▶ Required work:
Take the whole listing and reproduce it exactly, pictures excepted.

****************

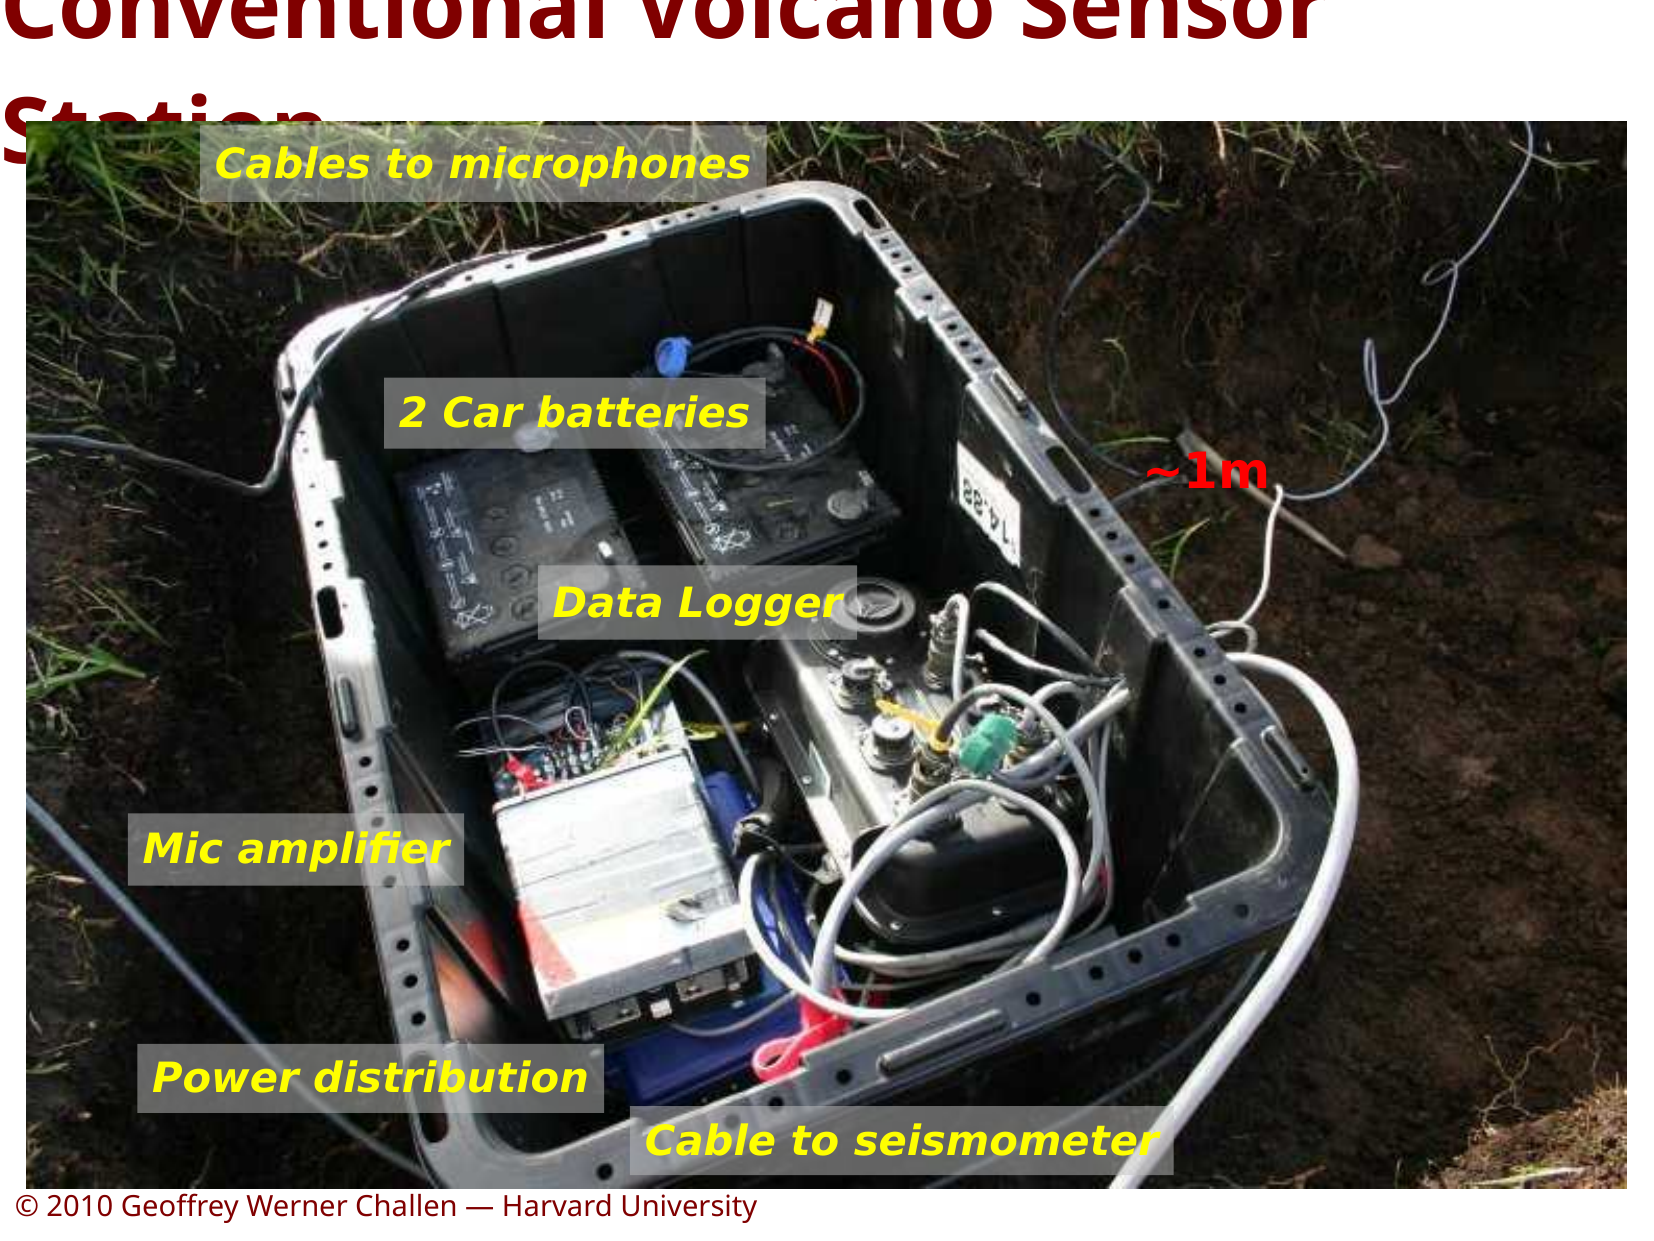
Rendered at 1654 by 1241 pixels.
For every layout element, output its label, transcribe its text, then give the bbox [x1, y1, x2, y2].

text_box 2 Car batteries [384, 377, 766, 449]
picture [26, 121, 1627, 1189]
title Conventional Volcano Sensor Station [0, 0, 1654, 174]
text_box Power distribution [137, 1043, 605, 1113]
text_box Mic amplifier [127, 813, 465, 886]
text_box Data Logger [538, 565, 857, 640]
text_box ~1m [1117, 435, 1296, 509]
text_box Cable to seismometer [630, 1106, 1174, 1176]
text_box Cables to microphones [200, 125, 767, 202]
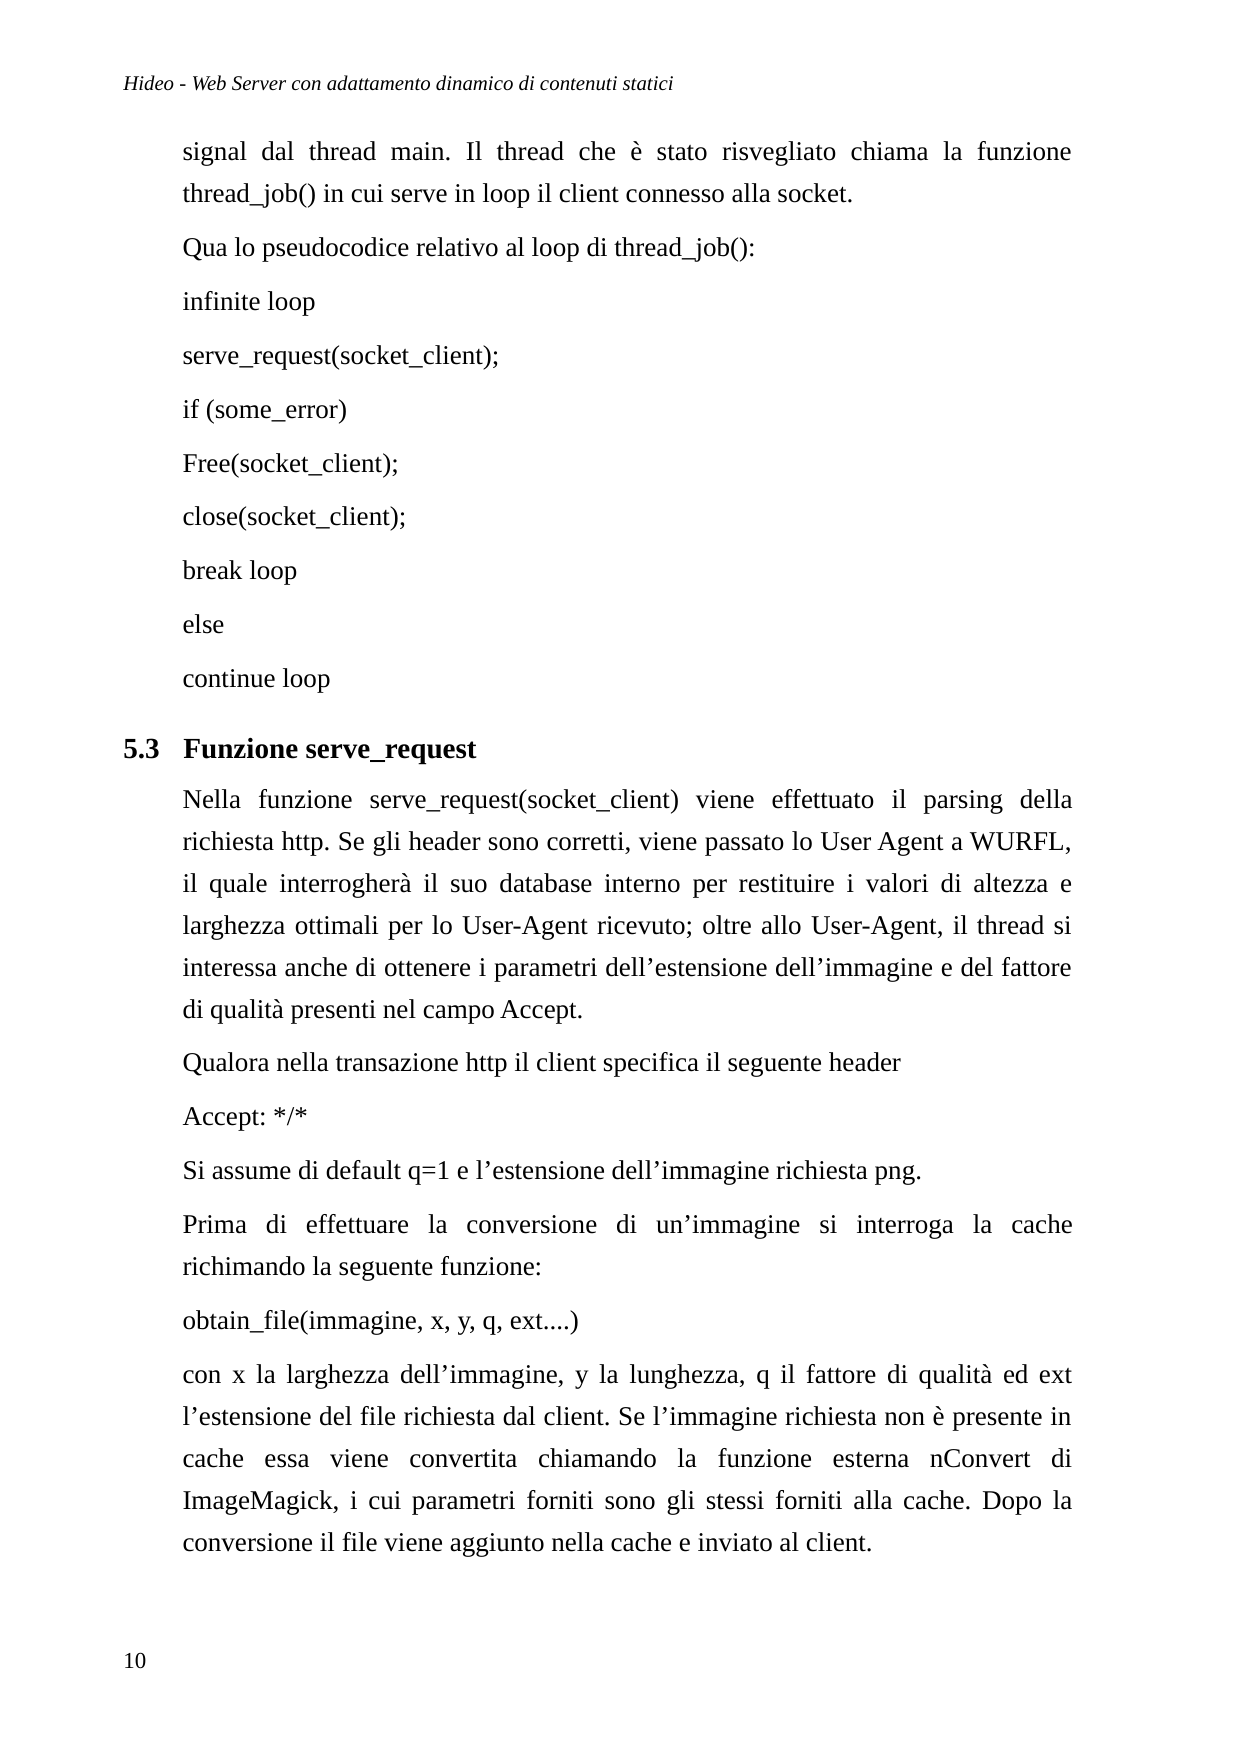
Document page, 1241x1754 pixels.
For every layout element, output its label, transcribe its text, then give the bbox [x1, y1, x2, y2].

text close(socket_client); [182, 501, 1073, 532]
text con x la larghezza dell’immagine, y la lunghezza, q il fattore di qualità ed ext l’estensione del file richiesta dal client. Se l’immagine richiesta non è presente in cache essa viene convertita chiamando la funzione esterna nConvert di ImageMagick, i cui parametri forniti sono gli stessi forniti alla cache. Dopo la conversione il file viene aggiunto nella cache e inviato al client. [182, 1358, 1073, 1557]
text infinite loop [182, 285, 1073, 316]
text else [182, 608, 1073, 639]
text signal dal thread main. Il thread che è stato risvegliato chiama la funzione thread_job() in cui serve in loop il client connesso alla socket. [182, 135, 1073, 208]
text Qua lo pseudocodice relativo al loop di thread_job(): [182, 231, 1073, 262]
text if (some_error) [182, 393, 1073, 424]
text break loop [182, 554, 1073, 586]
text Prima di effettuare la conversione di un’immagine si interroga la cache richimando la seguente funzione: [182, 1208, 1073, 1281]
text obtain_file(immagine, x, y, q, ext....) [182, 1304, 1073, 1335]
subtitle Funzione serve_request [123, 731, 1132, 764]
text continue loop [182, 662, 1073, 693]
text Nella funzione serve_request(socket_client) viene effettuato il parsing della richiesta http. Se gli header sono corretti, viene passato lo User Agent a WURFL, il quale interrogherà il suo database interno per restituire i valori di altezza e larghezza ottimali per lo User-Agent ricevuto; oltre allo User-Agent, il thread si interessa anche di ottenere i parametri dell’estensione dell’immagine e del fattore di qualità presenti nel campo Accept. [182, 783, 1073, 1024]
text Free(socket_client); [182, 447, 1073, 478]
text serve_request(socket_client); [182, 339, 1073, 370]
text Qualora nella transazione http il client specifica il seguente header [182, 1047, 1073, 1078]
text Si assume di default q=1 e l’estensione dell’immagine richiesta png. [182, 1154, 1073, 1185]
text Accept: */* [182, 1100, 1073, 1132]

****************

▶ Your solution:
Rendered at 1654 by 1241 pixels.
For every layout element, output its label, transcribe its text, then give the bbox [x1, y1, x2, y2].

text_box 2 Car batteries [384, 377, 766, 449]
picture [26, 121, 1627, 1189]
title Conventional Volcano Sensor Station [0, 0, 1654, 174]
text_box Power distribution [137, 1043, 605, 1113]
text_box Mic amplifier [127, 813, 465, 886]
text_box Data Logger [538, 565, 857, 640]
text_box ~1m [1117, 435, 1296, 509]
text_box Cable to seismometer [630, 1106, 1174, 1176]
text_box Cables to microphones [200, 125, 767, 202]
Document page, 1241x1754 pixels.
For every layout element, output its label, transcribe its text, then give the bbox [x1, y1, x2, y2].

text close(socket_client); [182, 501, 1073, 532]
text con x la larghezza dell’immagine, y la lunghezza, q il fattore di qualità ed ext l’estensione del file richiesta dal client. Se l’immagine richiesta non è presente in cache essa viene convertita chiamando la funzione esterna nConvert di ImageMagick, i cui parametri forniti sono gli stessi forniti alla cache. Dopo la conversione il file viene aggiunto nella cache e inviato al client. [182, 1358, 1073, 1557]
text infinite loop [182, 285, 1073, 316]
text else [182, 608, 1073, 639]
text signal dal thread main. Il thread che è stato risvegliato chiama la funzione thread_job() in cui serve in loop il client connesso alla socket. [182, 135, 1073, 208]
text Qua lo pseudocodice relativo al loop di thread_job(): [182, 231, 1073, 262]
text if (some_error) [182, 393, 1073, 424]
text break loop [182, 554, 1073, 586]
text Prima di effettuare la conversione di un’immagine si interroga la cache richimando la seguente funzione: [182, 1208, 1073, 1281]
text obtain_file(immagine, x, y, q, ext....) [182, 1304, 1073, 1335]
subtitle Funzione serve_request [123, 731, 1132, 764]
text continue loop [182, 662, 1073, 693]
text Nella funzione serve_request(socket_client) viene effettuato il parsing della richiesta http. Se gli header sono corretti, viene passato lo User Agent a WURFL, il quale interrogherà il suo database interno per restituire i valori di altezza e larghezza ottimali per lo User-Agent ricevuto; oltre allo User-Agent, il thread si interessa anche di ottenere i parametri dell’estensione dell’immagine e del fattore di qualità presenti nel campo Accept. [182, 783, 1073, 1024]
text Free(socket_client); [182, 447, 1073, 478]
text serve_request(socket_client); [182, 339, 1073, 370]
text Qualora nella transazione http il client specifica il seguente header [182, 1047, 1073, 1078]
text Si assume di default q=1 e l’estensione dell’immagine richiesta png. [182, 1154, 1073, 1185]
text Accept: */* [182, 1100, 1073, 1132]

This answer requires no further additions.